* [Recorded data]
• • • • • • •
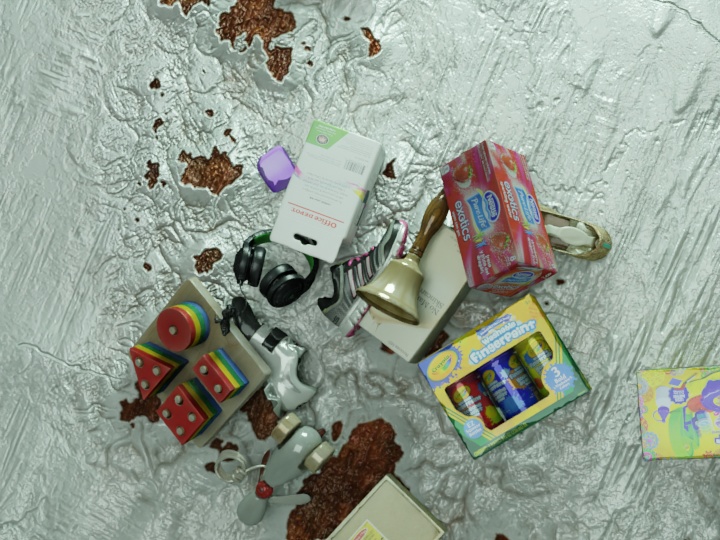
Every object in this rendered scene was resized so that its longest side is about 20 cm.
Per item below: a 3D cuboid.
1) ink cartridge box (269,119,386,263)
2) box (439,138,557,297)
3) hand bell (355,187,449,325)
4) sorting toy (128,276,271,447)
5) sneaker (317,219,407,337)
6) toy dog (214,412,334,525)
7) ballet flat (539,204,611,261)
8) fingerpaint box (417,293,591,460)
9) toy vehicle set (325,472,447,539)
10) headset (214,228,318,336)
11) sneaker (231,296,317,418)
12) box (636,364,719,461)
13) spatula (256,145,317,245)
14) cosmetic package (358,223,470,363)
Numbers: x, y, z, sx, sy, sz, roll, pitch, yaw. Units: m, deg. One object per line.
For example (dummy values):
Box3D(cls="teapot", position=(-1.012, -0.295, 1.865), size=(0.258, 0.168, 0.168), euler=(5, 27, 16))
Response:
Box3D(cls="ink cartridge box", position=(-0.051, -0.116, 1.772), size=(0.117, 0.067, 0.201), euler=(21, 84, 10))
Box3D(cls="box", position=(0.197, -0.074, 1.653), size=(0.095, 0.100, 0.201), euler=(-30, 61, 36))
Box3D(cls="hand bell", position=(0.083, -0.032, 1.678), size=(0.104, 0.104, 0.200), euler=(25, 78, 14))
Box3D(cls="sorting toy", position=(-0.269, 0.151, 1.784), size=(0.199, 0.070, 0.200), euler=(50, 122, 12))
Box3D(cls="sneaker", position=(0.000, 0.000, 1.762), size=(0.087, 0.074, 0.200), euler=(32, 99, 8))
Box3D(cls="toy dog", position=(-0.115, 0.301, 1.776), size=(0.200, 0.096, 0.132), euler=(-31, 82, 25))
Box3D(cls="ballet flat", position=(0.274, -0.064, 1.703), size=(0.199, 0.065, 0.071), euler=(12, 90, 15))
Box3D(cls="fingerpaint box", position=(0.212, 0.157, 1.698), size=(0.200, 0.073, 0.167), euler=(-32, 79, 10))
Box3D(cls="toy vehicle set", position=(0.021, 0.424, 1.751), size=(0.124, 0.027, 0.200), euler=(44, 97, 13))
Box3D(cls="headset", position=(-0.149, 0.017, 1.762), size=(0.123, 0.200, 0.094), euler=(31, 136, 13))
Box3D(cls="sneaker", position=(-0.132, 0.121, 1.792), size=(0.088, 0.074, 0.200), euler=(-28, 87, 6))
Box3D(cls="box", position=(0.482, 0.191, 1.567), size=(0.199, 0.193, 0.122), euler=(-4, 85, 13))
Box3D(cls="spatula", position=(-0.098, -0.102, 1.821), size=(0.056, 0.021, 0.200), euler=(-32, 80, 8))
Box3D(cls="cosmetic package", position=(0.099, 0.031, 1.736), size=(0.103, 0.073, 0.200), euler=(35, 94, 15))
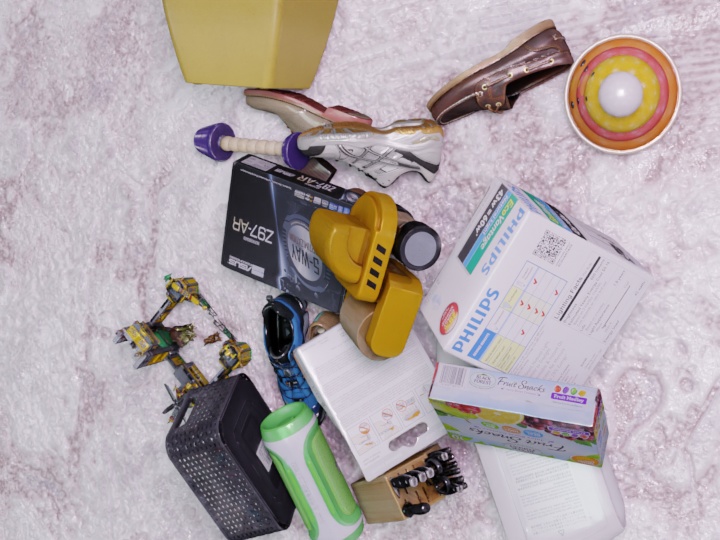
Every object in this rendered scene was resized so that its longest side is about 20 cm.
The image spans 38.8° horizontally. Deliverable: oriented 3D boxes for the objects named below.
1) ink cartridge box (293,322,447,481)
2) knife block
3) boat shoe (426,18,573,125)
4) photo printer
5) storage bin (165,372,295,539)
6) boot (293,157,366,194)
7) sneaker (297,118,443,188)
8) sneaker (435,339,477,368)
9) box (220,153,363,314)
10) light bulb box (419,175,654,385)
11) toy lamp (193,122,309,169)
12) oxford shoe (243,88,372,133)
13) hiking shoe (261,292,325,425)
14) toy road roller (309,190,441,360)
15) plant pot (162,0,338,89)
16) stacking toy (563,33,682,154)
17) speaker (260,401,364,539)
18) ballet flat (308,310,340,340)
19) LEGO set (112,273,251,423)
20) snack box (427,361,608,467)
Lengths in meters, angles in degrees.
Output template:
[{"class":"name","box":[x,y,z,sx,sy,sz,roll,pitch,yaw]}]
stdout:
[{"class":"ink cartridge box","box":[0.024,0.157,1.390,0.160,0.050,0.202,-28,86,-15]},{"class":"knife block","box":[0.052,0.294,1.359,0.198,0.175,0.065,-28,83,22]},{"class":"boat shoe","box":[0.179,-0.241,1.321,0.198,0.070,0.071,-31,78,21]},{"class":"photo printer","box":[0.247,0.270,1.333,0.164,0.069,0.203,-21,85,21]},{"class":"storage bin","box":[-0.171,0.264,1.436,0.092,0.136,0.202,-19,117,22]},{"class":"boot","box":[-0.049,-0.057,1.439,0.200,0.070,0.147,44,115,15]},{"class":"sneaker","box":[0.014,-0.151,1.366,0.196,0.076,0.089,-1,113,-1]},{"class":"sneaker","box":[0.135,0.061,1.360,0.069,0.080,0.204,14,101,19]},{"class":"box","box":[-0.091,-0.051,1.402,0.197,0.043,0.163,22,118,18]},{"class":"light bulb box","box":[0.210,0.027,1.250,0.198,0.125,0.200,25,106,-22]},{"class":"toy lamp","box":[-0.160,-0.179,1.458,0.197,0.058,0.059,11,98,36]},{"class":"oxford shoe","box":[-0.082,-0.206,1.435,0.197,0.070,0.076,21,107,21]},{"class":"hiking shoe","box":[-0.104,0.134,1.459,0.073,0.086,0.204,-15,89,22]},{"class":"toy road roller","box":[0.000,0.000,1.289,0.144,0.123,0.203,11,104,-23]},{"class":"plant pot","box":[-0.148,-0.339,1.388,0.197,0.200,0.180,8,102,22]},{"class":"stacking toy","box":[0.306,-0.210,1.197,0.143,0.200,0.149,2,97,14]},{"class":"speaker","box":[-0.067,0.289,1.430,0.087,0.089,0.203,-18,106,22]},{"class":"ballet flat","box":[-0.031,0.157,1.438,0.067,0.072,0.204,-16,88,26]},{"class":"LEGO set","box":[-0.268,0.111,1.508,0.153,0.116,0.202,-38,80,20]},{"class":"snack box","box":[0.193,0.175,1.235,0.197,0.143,0.054,8,65,23]}]
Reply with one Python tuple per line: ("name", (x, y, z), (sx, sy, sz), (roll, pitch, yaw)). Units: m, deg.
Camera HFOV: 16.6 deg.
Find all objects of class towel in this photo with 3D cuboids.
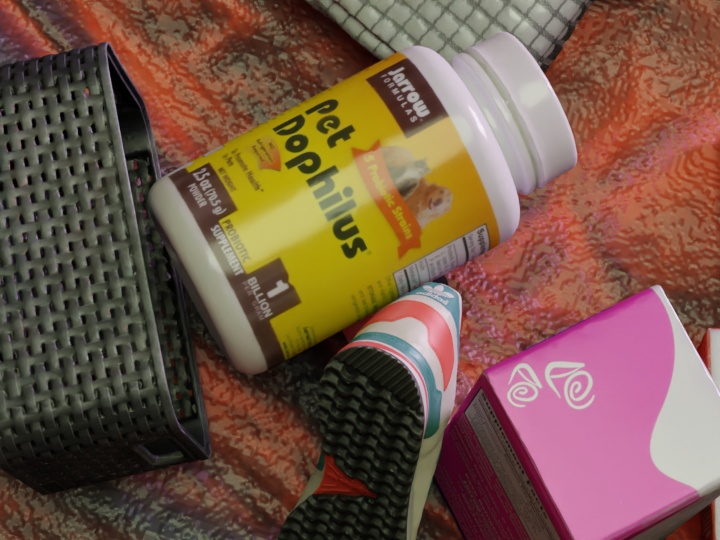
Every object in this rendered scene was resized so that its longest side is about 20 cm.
("towel", (0.043, -0.196, 1.336), (0.200, 0.086, 0.166), (38, 102, 8))

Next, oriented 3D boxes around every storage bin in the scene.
("storage bin", (-0.145, 0.001, 1.244), (0.093, 0.135, 0.201), (-11, 76, 2))

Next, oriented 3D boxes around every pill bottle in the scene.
("pill bottle", (0.003, -0.039, 1.222), (0.200, 0.109, 0.109), (-29, 80, -7))

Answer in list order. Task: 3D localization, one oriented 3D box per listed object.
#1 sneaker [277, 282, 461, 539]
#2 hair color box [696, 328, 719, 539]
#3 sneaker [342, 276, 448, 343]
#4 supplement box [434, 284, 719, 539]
("sneaker", (0.015, 0.090, 1.237), (0.070, 0.200, 0.093), (26, 45, 15))
("hair color box", (0.224, 0.132, 1.252), (0.101, 0.061, 0.201), (1, 76, 1))
("sneaker", (0.000, 0.000, 1.318), (0.086, 0.074, 0.201), (-8, 78, 15))
("supplement box", (0.110, 0.096, 1.226), (0.101, 0.200, 0.104), (-25, 79, -13))
• • • • • • •
* [Your task]
Word for word, restate the lines from the first line of the material through the line containing "4) sorting toy (128,276,271,447)", with the pictures left out.

* [Output for this task]
Every object in this rendered scene was resized so that its longest side is about 20 cm.
Per item below: a 3D cuboid.
1) ink cartridge box (269,119,386,263)
2) box (439,138,557,297)
3) hand bell (355,187,449,325)
4) sorting toy (128,276,271,447)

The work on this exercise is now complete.